To implement it, I followed these steps:

  1. verdi storage maintain calls here in the disk object store backend
  2. which would possibly call either of these three methods: a) pack_all_loose b) repack c) clean_storage
  3. I made a small container (300MB, ~600 files) and ran cProfile to look for the time-consuming parts and inserted "update" in the relevant positions:
    • pack_all_loose: the iterations over loose_objects
    • repack: mostly the iteration, but also safe_flush_to_disk which calls os.fsync, there is no easy way to predict time consumed on that, so I just ignore it, which means the maintenance will still go on a bit even after the bar reaches 100%.
    • clean_storage: was very quick for the mentioned size of container—just a few milliseconds—so I trusted the scalability and skipped adding a bar for this method.

Once this is approved, I can make another PR on aiida-core to pass a progress bar to these.

@khsrali
Copy link
Contributor Author

khsrali commented Jul 19, 2024

Note: test fails because setup-python@v1 is deprecated. A solution is provided in PR #172

@khsrali khsrali requested a review from unkcpz July 19, 2024 06:36
@khsrali
Copy link
Contributor Author

khsrali commented Jul 25, 2024

@unkcpz if you have time, this PR could benefit your review :)
Let me know in case you don't plan to test it

@unkcpz
Copy link
Member

unkcpz commented Jul 25, 2024

Thanks @khsrali, any reason why not call tqdm and show progress bar how many loose files are packed?

@khsrali
Copy link
Contributor Author

khsrali commented Jul 30, 2024

Thanks @khsrali, any reason why not call tqdm and show progress bar how many loose files are packed?

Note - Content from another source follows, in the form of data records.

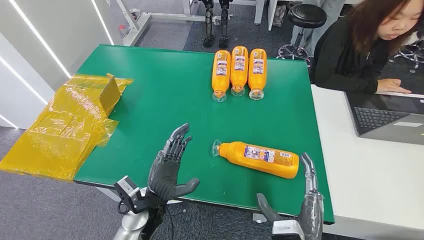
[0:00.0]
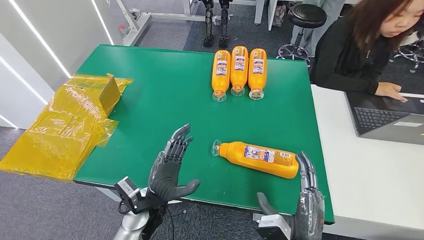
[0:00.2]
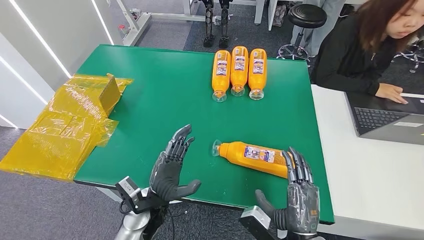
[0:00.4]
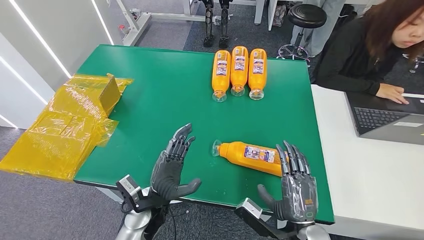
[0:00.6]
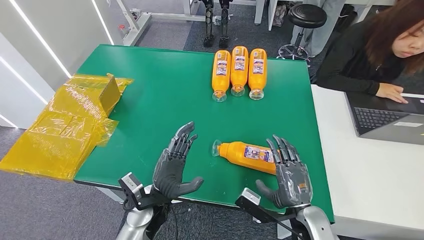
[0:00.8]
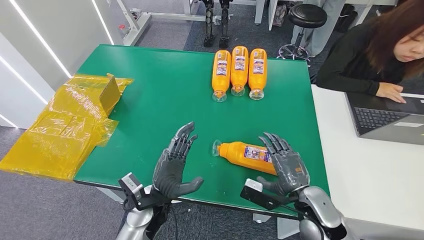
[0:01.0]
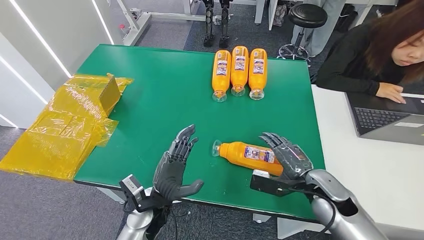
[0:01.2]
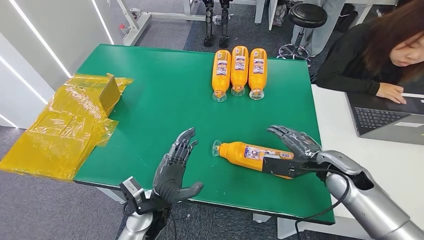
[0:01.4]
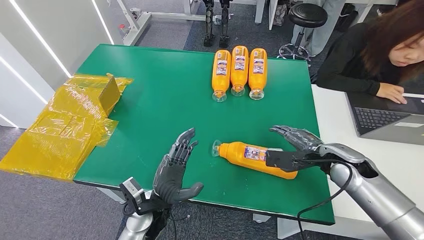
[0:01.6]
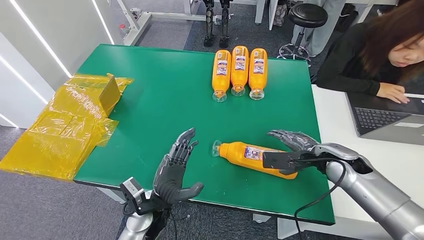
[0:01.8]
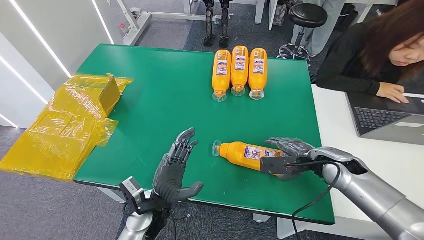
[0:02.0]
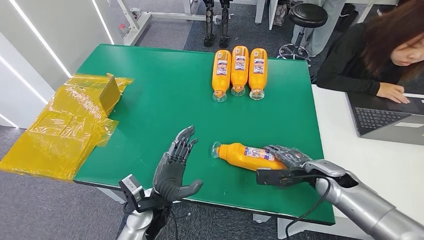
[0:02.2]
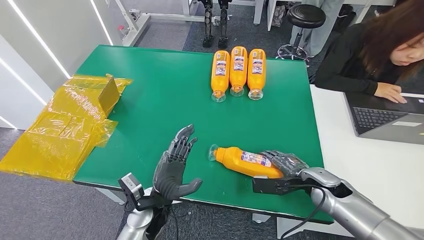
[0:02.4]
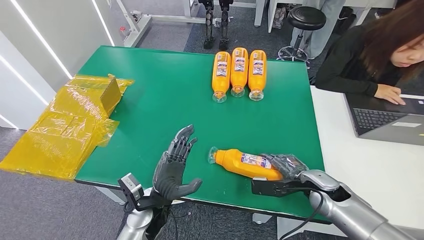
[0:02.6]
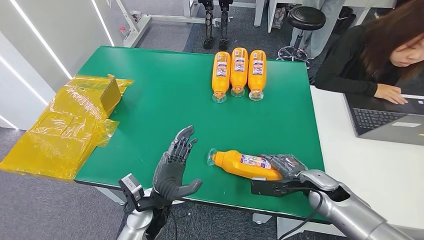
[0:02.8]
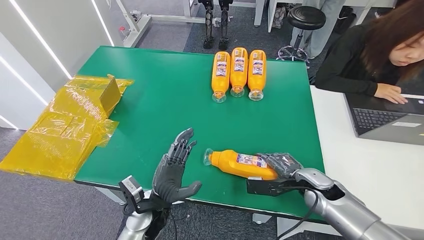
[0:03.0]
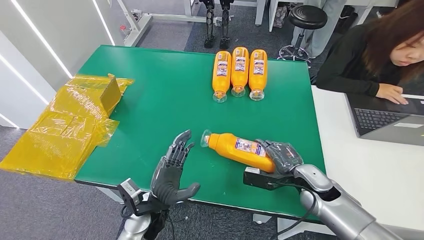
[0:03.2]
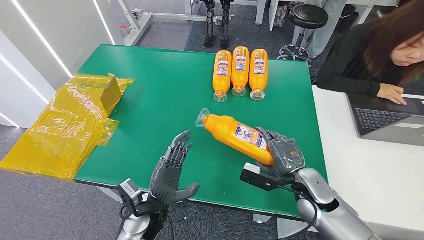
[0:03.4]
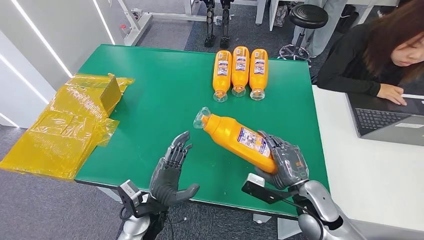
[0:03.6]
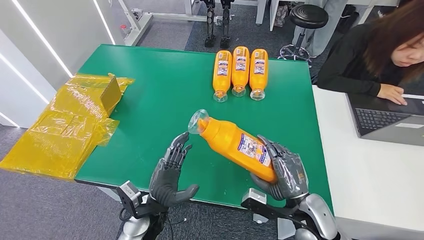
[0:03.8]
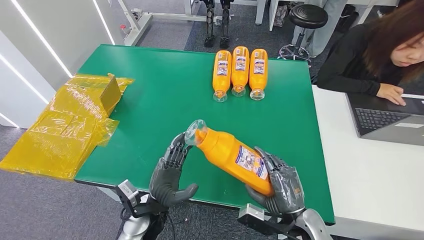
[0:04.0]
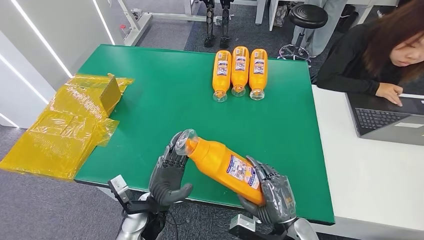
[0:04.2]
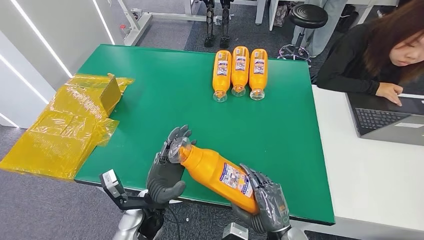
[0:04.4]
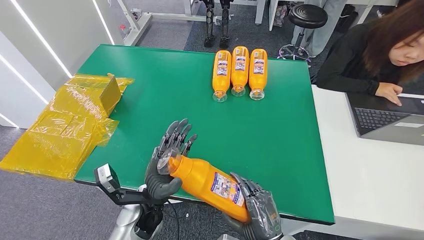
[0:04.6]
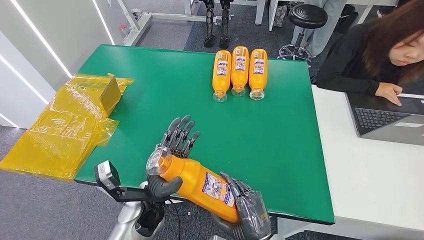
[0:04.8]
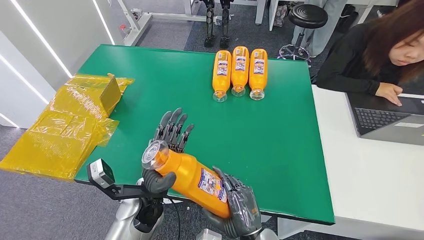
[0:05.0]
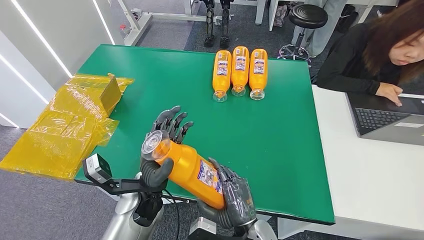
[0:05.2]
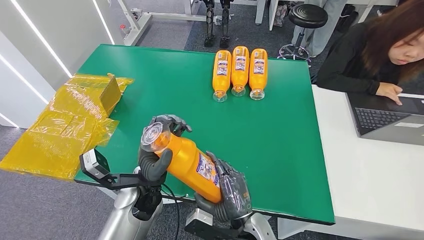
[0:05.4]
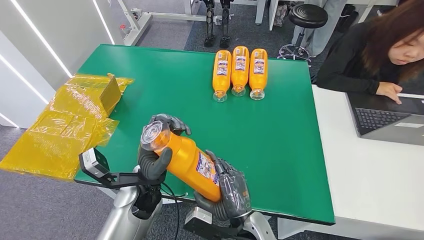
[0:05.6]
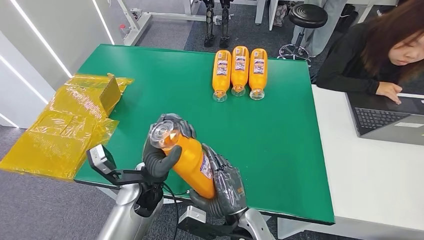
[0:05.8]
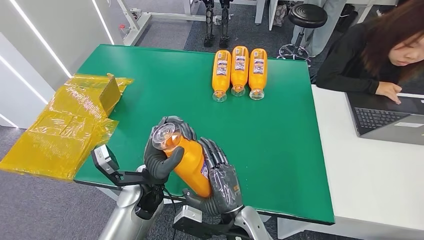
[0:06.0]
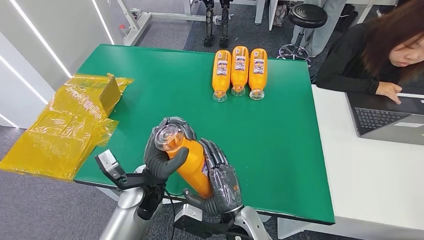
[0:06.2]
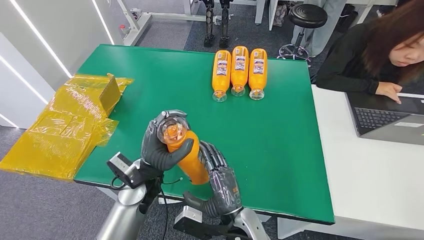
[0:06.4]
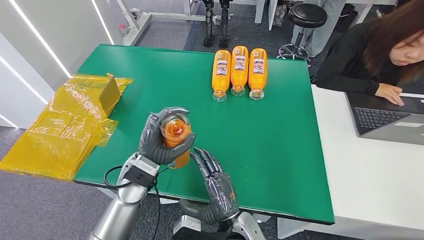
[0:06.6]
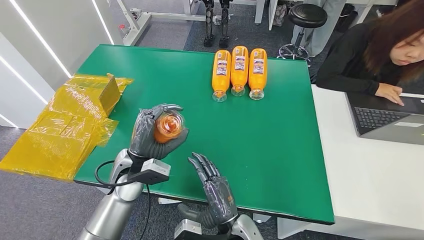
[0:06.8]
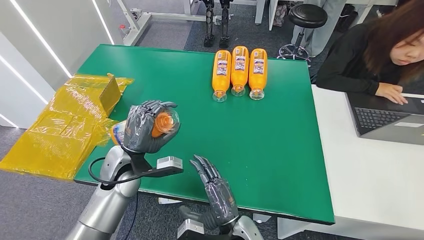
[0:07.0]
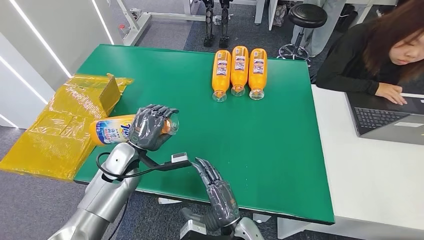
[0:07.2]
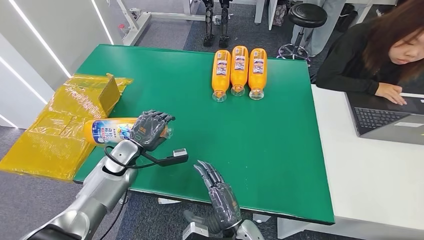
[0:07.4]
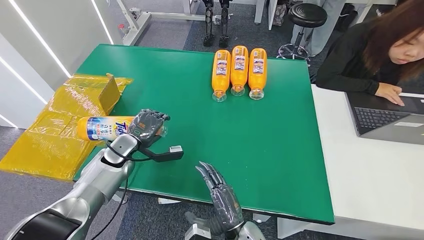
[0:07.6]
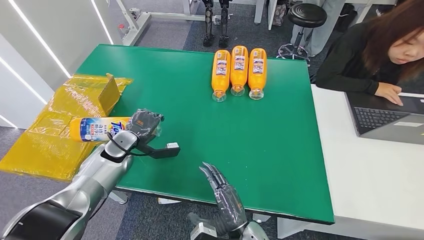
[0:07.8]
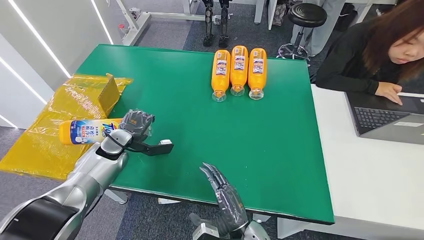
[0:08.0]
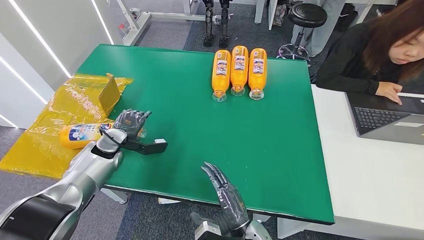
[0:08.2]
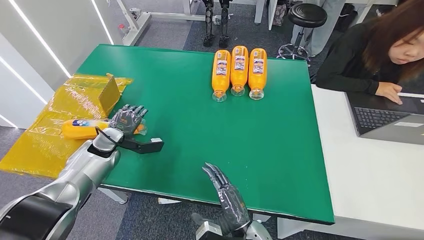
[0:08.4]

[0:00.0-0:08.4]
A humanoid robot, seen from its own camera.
Step, 0:00.0 to 0:03.6: Pick up the bottle from the table.
Step, 0:03.8 to 0:08.4: Turn the bottle to the front side.
0:01.4 to 0:02.8: The right hand shifts approximately 10 cm downward.
0:02.8 to 0:04.2: The right hand travels backward and to the left by some 15 cm.
0:04.2 to 0:05.6: The left hand is displaced upward and forward by roughly 10 cm. The right hand is displaced to the left by some 10 cm.
0:05.6 to 0:07.0: The left hand shifts roughly 10 cm to the left.
0:07.0 to 0:08.4: The left hand is displaced to the left and forward by roughly 15 cm.

Thanks @unkcpz , actually I initially developed this with tqdm then I realized the callback option was designed to accept any sort of progress bar as input.
For example, AiiDA internally uses tqdm with a custom format & heading, which it can pass to disk-objectstore in various places where they are being updated.

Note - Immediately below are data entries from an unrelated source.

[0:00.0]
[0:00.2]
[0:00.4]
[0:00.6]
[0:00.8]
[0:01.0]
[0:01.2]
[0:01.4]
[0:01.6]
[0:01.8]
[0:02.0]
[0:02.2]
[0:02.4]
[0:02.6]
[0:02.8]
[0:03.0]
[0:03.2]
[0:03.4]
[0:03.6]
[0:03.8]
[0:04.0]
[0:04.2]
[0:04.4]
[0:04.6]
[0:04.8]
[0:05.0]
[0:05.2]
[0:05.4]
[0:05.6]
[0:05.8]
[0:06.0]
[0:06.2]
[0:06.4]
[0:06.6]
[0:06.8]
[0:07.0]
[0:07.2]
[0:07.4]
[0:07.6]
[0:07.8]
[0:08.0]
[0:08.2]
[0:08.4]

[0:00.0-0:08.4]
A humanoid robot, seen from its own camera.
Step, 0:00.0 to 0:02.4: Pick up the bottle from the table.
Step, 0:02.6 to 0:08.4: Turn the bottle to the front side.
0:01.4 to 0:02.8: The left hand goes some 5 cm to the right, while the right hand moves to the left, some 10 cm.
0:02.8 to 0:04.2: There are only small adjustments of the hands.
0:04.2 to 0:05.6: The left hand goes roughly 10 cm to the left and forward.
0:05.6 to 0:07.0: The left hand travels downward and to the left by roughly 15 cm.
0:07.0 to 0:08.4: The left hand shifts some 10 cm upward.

So this PR respects the original design.

@unkcpz
Copy link
Member

unkcpz commented Aug 8, 2024

Callback pattern is fine. How I test the change? Can you open a subsequent PR in aiida-core that use this changes so we can test it together to run maintain command?

@khsrali
Copy link
Contributor Author

khsrali commented Aug 9, 2024

I tested with instantiating disk-objectstore alone, not through aiida.
But, sure, I'll open a PR on aiida-core since we have to do that anyways.

@khsrali
Copy link
Contributor Author

khsrali commented Sep 3, 2024

alright @unkcpz, the test PR added in aiida-core please go ahead and test it.

Copy link
Contributor

@agoscinski agoscinski left a comment

Choose a reason for hiding this comment

The reason will be displayed to describe this comment to others. Learn more.

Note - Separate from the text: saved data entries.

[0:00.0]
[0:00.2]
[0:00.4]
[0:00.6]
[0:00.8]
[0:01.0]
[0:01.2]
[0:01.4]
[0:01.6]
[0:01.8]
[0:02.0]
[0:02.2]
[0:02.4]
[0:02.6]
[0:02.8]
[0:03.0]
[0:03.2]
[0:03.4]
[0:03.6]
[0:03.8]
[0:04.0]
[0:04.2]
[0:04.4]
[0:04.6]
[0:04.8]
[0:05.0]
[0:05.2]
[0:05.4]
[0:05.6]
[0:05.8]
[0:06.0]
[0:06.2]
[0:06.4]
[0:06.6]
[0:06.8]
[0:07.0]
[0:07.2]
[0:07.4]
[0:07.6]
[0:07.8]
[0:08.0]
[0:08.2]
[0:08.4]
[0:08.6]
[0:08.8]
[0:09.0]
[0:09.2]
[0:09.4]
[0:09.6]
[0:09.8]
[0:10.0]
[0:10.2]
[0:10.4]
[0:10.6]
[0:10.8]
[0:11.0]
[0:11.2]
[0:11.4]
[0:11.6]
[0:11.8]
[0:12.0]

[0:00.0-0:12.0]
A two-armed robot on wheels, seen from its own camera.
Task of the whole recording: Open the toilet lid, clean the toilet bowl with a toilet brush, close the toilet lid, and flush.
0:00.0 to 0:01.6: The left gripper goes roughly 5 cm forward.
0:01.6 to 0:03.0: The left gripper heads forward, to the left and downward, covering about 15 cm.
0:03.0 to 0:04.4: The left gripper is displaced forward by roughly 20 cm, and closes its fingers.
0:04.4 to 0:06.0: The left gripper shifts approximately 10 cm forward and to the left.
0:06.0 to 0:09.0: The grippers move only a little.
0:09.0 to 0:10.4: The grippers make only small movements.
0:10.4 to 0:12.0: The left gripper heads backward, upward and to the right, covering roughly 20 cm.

Would be nice to have at least one test in test in test_container.py that passes a callback function to see if the code runs. Does not need to any logical check, just some dummy callback that does not crash. It is already tested in aiida-core, but it is hard to understand this after the PR is merged

@@ -1319,6 +1320,7 @@ def pack_all_loose( # pylint: disable=too-many-locals,too-many-branches,too-man
compress: Union[bool, CompressMode] = CompressMode.NO,
validate_objects: bool = True,
do_fsync: bool = True,
callback: Optional[Callable] = None,
Copy link
Contributor

Choose a reason for hiding this comment

The reason will be displayed to describe this comment to others. Learn more.

Suggested change
callback: Optional[Callable] = None,
callback: Optional[Callable[[str, Any], None]] = None,

Please add some doc that describes how the callback looks like or at least refers to aiida-core aiida.common.progress_reporter.py.

Copy link
Contributor Author

Choose a reason for hiding this comment

The reason will be displayed to describe this comment to others. Learn more.

I don't understand why, when I put your line mypy send useless errors:

disk_objectstore/container.py:1408: error: Unexpected keyword argument "action"  [call-arg]
disk_objectstore/container.py:1408: error: Unexpected keyword argument "value"  [call-arg]

Copy link
Contributor

Choose a reason for hiding this comment

The reason will be displayed to describe this comment to others. Learn more.

marking the arguments with mypy_extensions should work. I only load it during TYPE_CHECKING as mypy is only a dev depedency

from collections.abc import Callable
from typing import TYPE_CHECKING, Any
if TYPE_CHECKING:
    from mypy_extensions import Arg

def foo(callback: Callable[[Arg(str, "action"), Arg(Any, "value")], None]):
    callback(action="hello", value=None)

Copy link
Contributor

Choose a reason for hiding this comment

The reason will be displayed to describe this comment to others. Learn more.

Suggested change
callback: Optional[Callable] = None,
callback: Optional[Callable[Arg(str, "action"), Arg(Any, "value")], None]] = None,

Copy link
Contributor

Choose a reason for hiding this comment

The reason will be displayed to describe this comment to others. Learn more.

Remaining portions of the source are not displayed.